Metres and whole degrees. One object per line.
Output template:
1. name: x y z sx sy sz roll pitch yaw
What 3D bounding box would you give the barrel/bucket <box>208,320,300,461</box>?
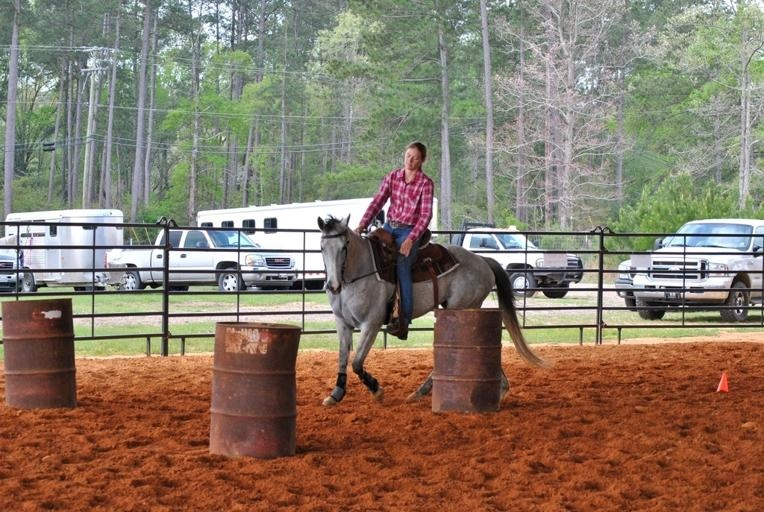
1. barrel/bucket: -3.880 4.006 36.447 2.603 3.995 2.549 2 2 0

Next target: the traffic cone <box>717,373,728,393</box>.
1. traffic cone: 10.736 3.940 37.759 0.343 0.553 0.922 1 4 16

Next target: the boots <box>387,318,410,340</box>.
1. boots: 0.462 2.263 37.615 0.788 0.735 0.475 0 3 -4

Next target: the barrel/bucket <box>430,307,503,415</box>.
1. barrel/bucket: 2.468 3.158 37.341 1.853 3.344 1.835 1 0 0
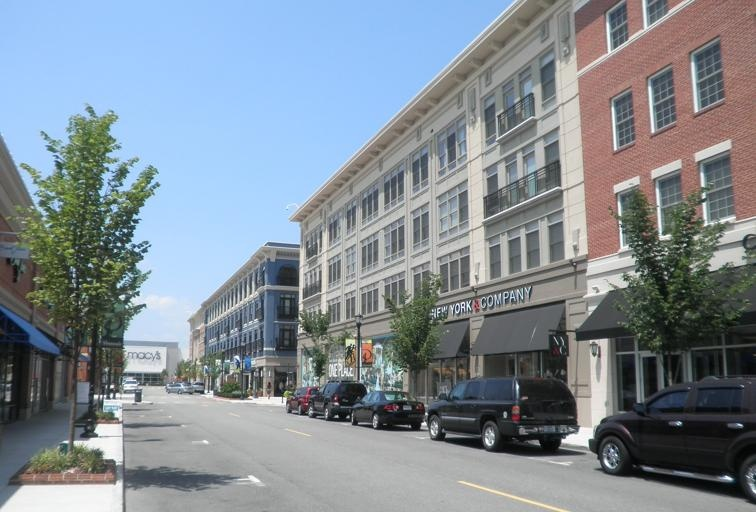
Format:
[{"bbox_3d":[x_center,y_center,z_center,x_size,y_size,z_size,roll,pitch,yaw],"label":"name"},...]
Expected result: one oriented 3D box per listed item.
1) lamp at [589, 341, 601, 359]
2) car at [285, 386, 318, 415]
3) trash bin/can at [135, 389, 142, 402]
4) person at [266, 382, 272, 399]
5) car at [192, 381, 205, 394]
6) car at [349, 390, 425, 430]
[{"bbox_3d":[9.560,4.072,29.000,0.422,0.697,0.476,-15,-24,40],"label":"lamp"},{"bbox_3d":[-5.019,9.320,42.695,1.306,1.152,2.968,6,-11,-26],"label":"car"},{"bbox_3d":[-20.023,11.558,54.776,0.491,1.023,1.472,8,-20,-22],"label":"trash bin/can"},{"bbox_3d":[-12.758,15.334,76.629,0.479,1.756,0.720,8,-19,-22],"label":"person"},{"bbox_3d":[-26.734,19.339,97.643,1.858,1.652,3.343,0,-15,-3],"label":"car"},{"bbox_3d":[0.318,7.448,32.138,1.707,1.885,3.638,18,-25,-41],"label":"car"}]
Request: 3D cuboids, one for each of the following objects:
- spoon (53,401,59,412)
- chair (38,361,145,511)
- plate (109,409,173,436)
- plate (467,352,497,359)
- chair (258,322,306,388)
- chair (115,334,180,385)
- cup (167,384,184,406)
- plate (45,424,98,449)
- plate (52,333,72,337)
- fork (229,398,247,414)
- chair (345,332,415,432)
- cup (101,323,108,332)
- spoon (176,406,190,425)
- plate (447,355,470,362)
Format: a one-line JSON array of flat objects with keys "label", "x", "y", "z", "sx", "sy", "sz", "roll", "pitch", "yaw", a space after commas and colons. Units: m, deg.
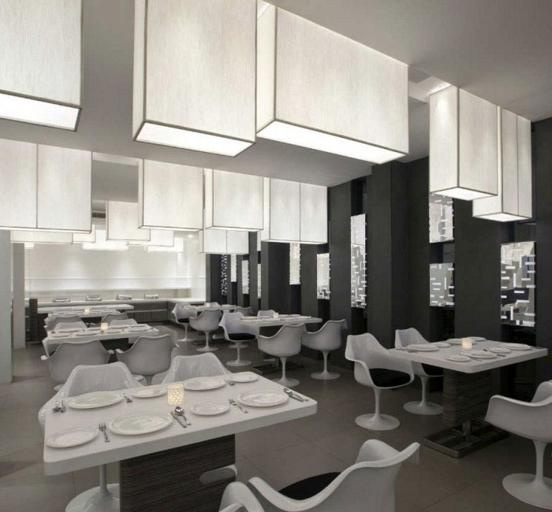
[{"label": "spoon", "x": -1.326, "y": 0.906, "z": 2.880, "sx": 0.046, "sy": 0.020, "sz": 0.035, "roll": 4, "pitch": 3, "yaw": 42}, {"label": "chair", "x": -1.303, "y": 1.244, "z": 3.531, "sx": 0.827, "sy": 1.247, "sz": 0.776, "roll": 2, "pitch": -6, "yaw": -25}, {"label": "plate", "x": -0.736, "y": 0.909, "z": 2.602, "sx": 0.332, "sy": 0.047, "sz": 0.274, "roll": 0, "pitch": 1, "yaw": -29}, {"label": "plate", "x": 1.790, "y": 0.860, "z": 4.147, "sx": 0.221, "sy": 0.022, "sz": 0.279, "roll": 0, "pitch": 1, "yaw": 35}, {"label": "chair", "x": 0.043, "y": 1.335, "z": 6.458, "sx": 0.694, "sy": 1.047, "sz": 0.637, "roll": 1, "pitch": -1, "yaw": -38}, {"label": "chair", "x": -1.388, "y": 1.056, "z": 5.240, "sx": 0.550, "sy": 0.823, "sz": 0.537, "roll": 1, "pitch": 1, "yaw": -34}, {"label": "cup", "x": -0.607, "y": 0.847, "z": 2.952, "sx": 0.098, "sy": 0.123, "sz": 0.110, "roll": 0, "pitch": -2, "yaw": 3}, {"label": "plate", "x": -1.039, "y": 0.925, "z": 2.440, "sx": 0.254, "sy": 0.038, "sz": 0.192, "roll": 0, "pitch": 1, "yaw": -29}, {"label": "plate", "x": -2.505, "y": 0.921, "z": 5.603, "sx": 0.173, "sy": 0.012, "sz": 0.354, "roll": 0, "pitch": 1, "yaw": -26}, {"label": "fork", "x": -0.230, "y": 0.878, "z": 2.861, "sx": 0.039, "sy": 0.040, "sz": 0.310, "roll": -4, "pitch": -3, "yaw": -14}, {"label": "chair", "x": 1.123, "y": 1.199, "z": 5.029, "sx": 0.801, "sy": 1.166, "sz": 0.707, "roll": 2, "pitch": -5, "yaw": -34}, {"label": "cup", "x": -2.095, "y": 0.861, "z": 5.791, "sx": 0.079, "sy": 0.098, "sz": 0.087, "roll": 0, "pitch": -2, "yaw": 6}, {"label": "spoon", "x": -0.530, "y": 0.895, "z": 2.682, "sx": 0.040, "sy": 0.025, "sz": 0.165, "roll": -5, "pitch": 2, "yaw": -20}, {"label": "plate", "x": 1.555, "y": 0.862, "z": 4.060, "sx": 0.183, "sy": 0.017, "sz": 0.256, "roll": 0, "pitch": 1, "yaw": 25}]
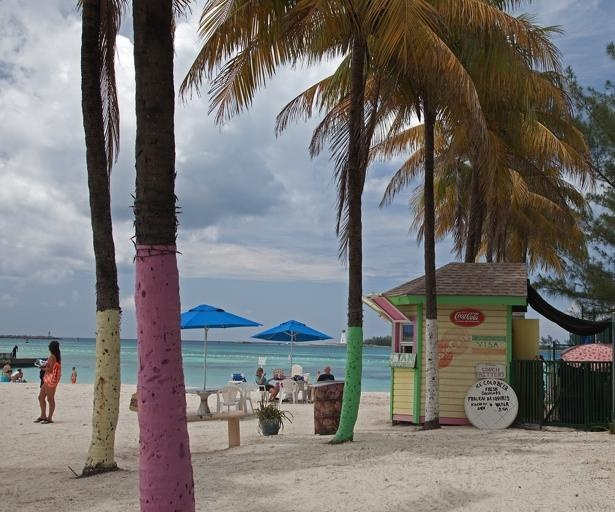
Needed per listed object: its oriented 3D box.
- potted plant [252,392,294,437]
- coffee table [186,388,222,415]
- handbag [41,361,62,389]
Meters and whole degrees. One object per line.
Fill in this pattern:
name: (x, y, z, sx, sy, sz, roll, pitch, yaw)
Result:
potted plant: (-0.646, 3.854, 17.762, 1.040, 1.375, 1.218, 4, -11, -12)
coffee table: (-2.793, 3.985, 20.656, 0.637, 0.713, 2.862, 0, -6, -7)
handbag: (-6.227, 2.938, 18.580, 0.418, 0.727, 0.626, 12, -11, -20)
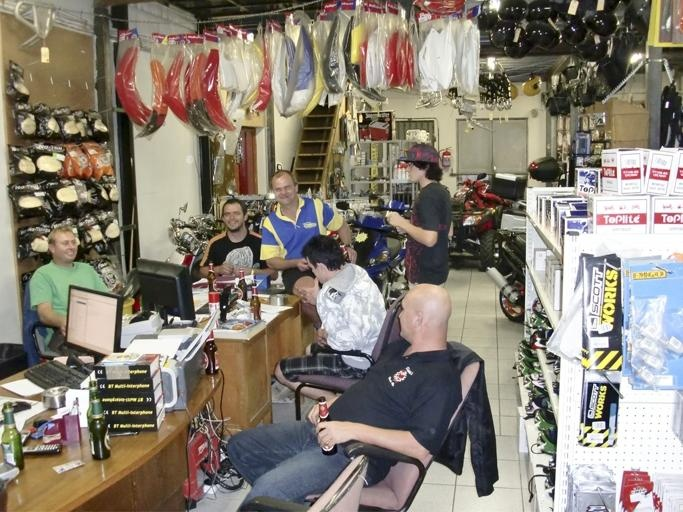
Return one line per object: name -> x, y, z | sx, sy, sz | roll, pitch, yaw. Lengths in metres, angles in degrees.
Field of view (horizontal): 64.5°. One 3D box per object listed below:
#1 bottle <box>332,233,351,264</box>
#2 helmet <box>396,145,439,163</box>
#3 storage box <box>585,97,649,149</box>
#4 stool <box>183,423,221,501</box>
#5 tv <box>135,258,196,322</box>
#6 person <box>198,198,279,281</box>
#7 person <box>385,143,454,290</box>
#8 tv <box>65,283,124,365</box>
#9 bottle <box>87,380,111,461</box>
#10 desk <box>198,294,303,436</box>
bottle -> 0.007, -0.105, 5.286 | 0.148, 0.202, 0.331 | -10, 28, 9
helmet -> 0.715, -0.889, 4.805 | 0.235, 0.128, 0.184 | 16, 15, 0
storage box -> 3.497, -1.724, 6.868 | 0.561, 0.933, 0.632 | -8, 20, 18
stool -> -0.906, 1.316, 3.493 | 0.149, 0.425, 0.296 | 4, 1, 17
tv -> -1.159, 0.251, 3.484 | 0.400, 0.395, 0.164 | 8, 22, 25
person -> -1.018, -0.106, 5.245 | 0.813, 0.889, 0.542 | -2, 11, -5
person -> 0.715, -0.334, 4.839 | 0.489, 1.300, 0.757 | 4, 13, 20
tv -> -1.500, 0.430, 3.145 | 0.125, 0.442, 0.431 | -8, -18, 13
bottle -> -1.075, 0.716, 2.384 | 0.080, 0.320, 0.204 | -6, 13, -27
desk -> -0.652, 0.769, 3.774 | 0.291, 0.496, 0.951 | 2, 12, 12
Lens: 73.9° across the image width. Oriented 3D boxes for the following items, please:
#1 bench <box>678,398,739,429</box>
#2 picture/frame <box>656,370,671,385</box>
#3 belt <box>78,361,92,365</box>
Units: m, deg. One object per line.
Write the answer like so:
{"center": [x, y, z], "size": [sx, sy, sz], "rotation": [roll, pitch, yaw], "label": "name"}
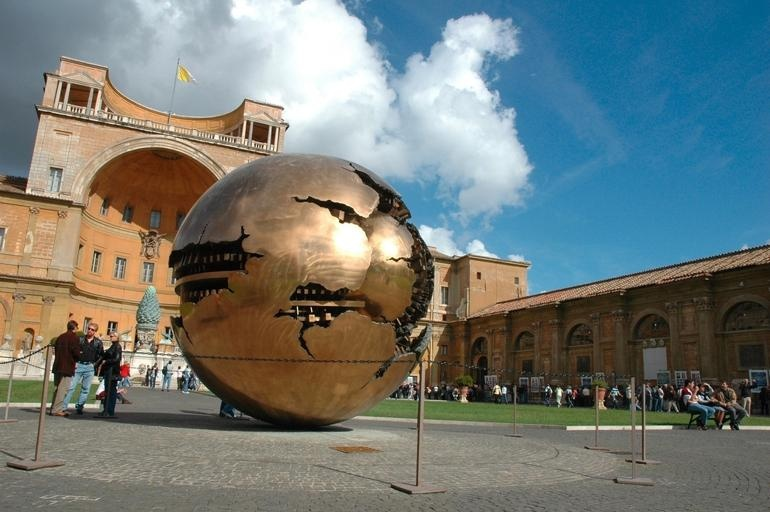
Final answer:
{"center": [11.520, 5.568, 18.104], "size": [2.181, 0.886, 0.771], "rotation": [9, -20, -21], "label": "bench"}
{"center": [18.729, 8.105, 34.308], "size": [0.161, 1.072, 1.211], "rotation": [-1, -4, -28], "label": "picture/frame"}
{"center": [-7.473, 2.630, 12.676], "size": [0.178, 0.039, 0.163], "rotation": [2, -4, 3], "label": "belt"}
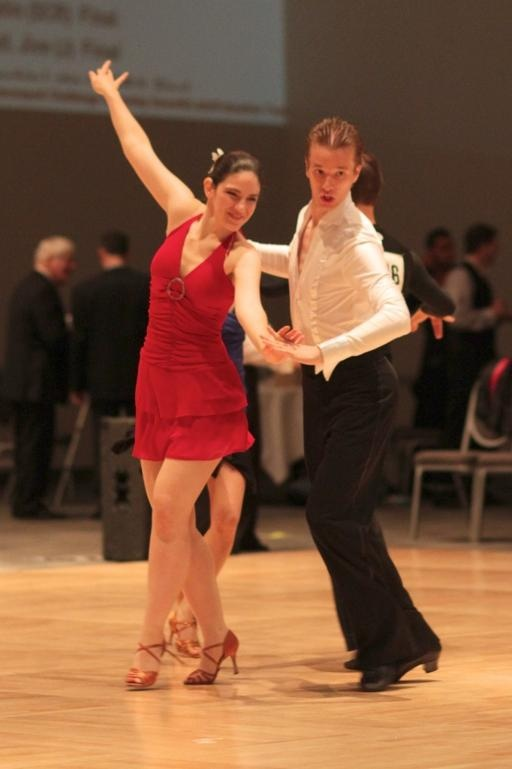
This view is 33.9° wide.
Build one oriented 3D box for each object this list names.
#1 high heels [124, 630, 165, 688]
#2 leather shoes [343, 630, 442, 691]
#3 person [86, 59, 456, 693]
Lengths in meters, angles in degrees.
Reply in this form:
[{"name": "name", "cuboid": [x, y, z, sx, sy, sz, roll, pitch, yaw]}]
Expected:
[{"name": "high heels", "cuboid": [-0.237, 0.592, 1.862, 0.061, 0.060, 0.146, 1, 37, 16]}, {"name": "leather shoes", "cuboid": [0.313, 0.635, 1.958, 0.257, 0.090, 0.084, -4, -2, -26]}, {"name": "person", "cuboid": [0.041, 0.083, 1.862, 0.776, 1.329, 0.639, 4, 9, 12]}]
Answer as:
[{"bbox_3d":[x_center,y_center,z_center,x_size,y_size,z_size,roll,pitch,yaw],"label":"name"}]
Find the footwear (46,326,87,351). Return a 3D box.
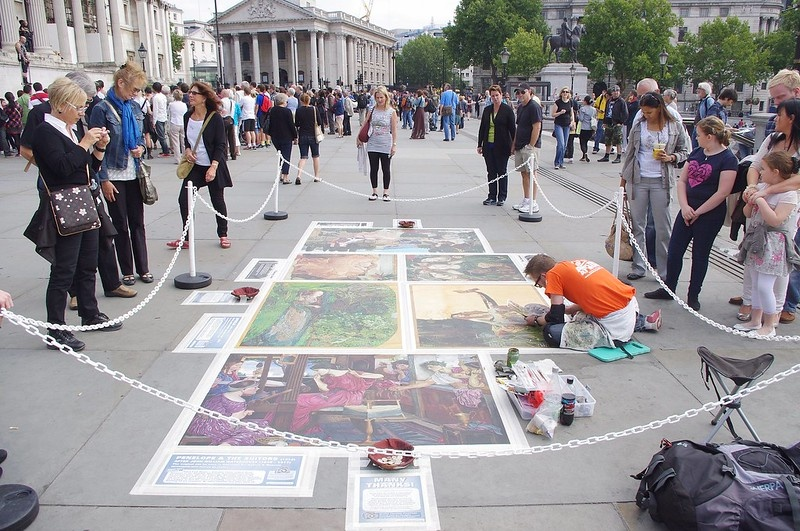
[{"bbox_3d":[-3.732,0.787,6.193,0.313,0.224,0.506,-12,21,-30],"label":"footwear"}]

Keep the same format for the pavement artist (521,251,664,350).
[{"bbox_3d":[2.121,0.400,6.336,1.230,1.123,0.985,0,-1,-39],"label":"pavement artist"}]

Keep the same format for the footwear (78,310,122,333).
[{"bbox_3d":[-3.563,0.658,6.575,0.569,0.214,0.196,0,14,-20],"label":"footwear"}]
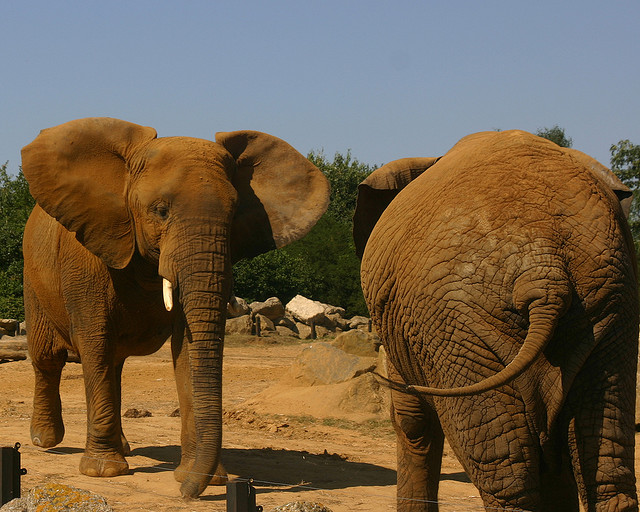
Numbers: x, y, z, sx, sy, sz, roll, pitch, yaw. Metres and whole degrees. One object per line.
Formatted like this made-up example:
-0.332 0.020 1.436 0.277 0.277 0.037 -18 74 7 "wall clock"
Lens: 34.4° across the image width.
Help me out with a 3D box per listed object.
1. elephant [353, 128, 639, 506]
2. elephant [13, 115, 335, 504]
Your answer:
1.059 0.370 6.133 1.554 2.253 0.831 -1 -2 18 "elephant"
-1.902 0.507 10.531 2.984 3.314 4.862 2 -3 -27 "elephant"

#### What to produce
From the material above, please return each line containing "whole".

#### Answer to this problem
Metres and whole degrees. One object per line.
Meters and whole degrees. One object per line.
Numbers: x, y, z, sx, sy, sz, roll, pitch, yaw. Metres and whole degrees. One object per line.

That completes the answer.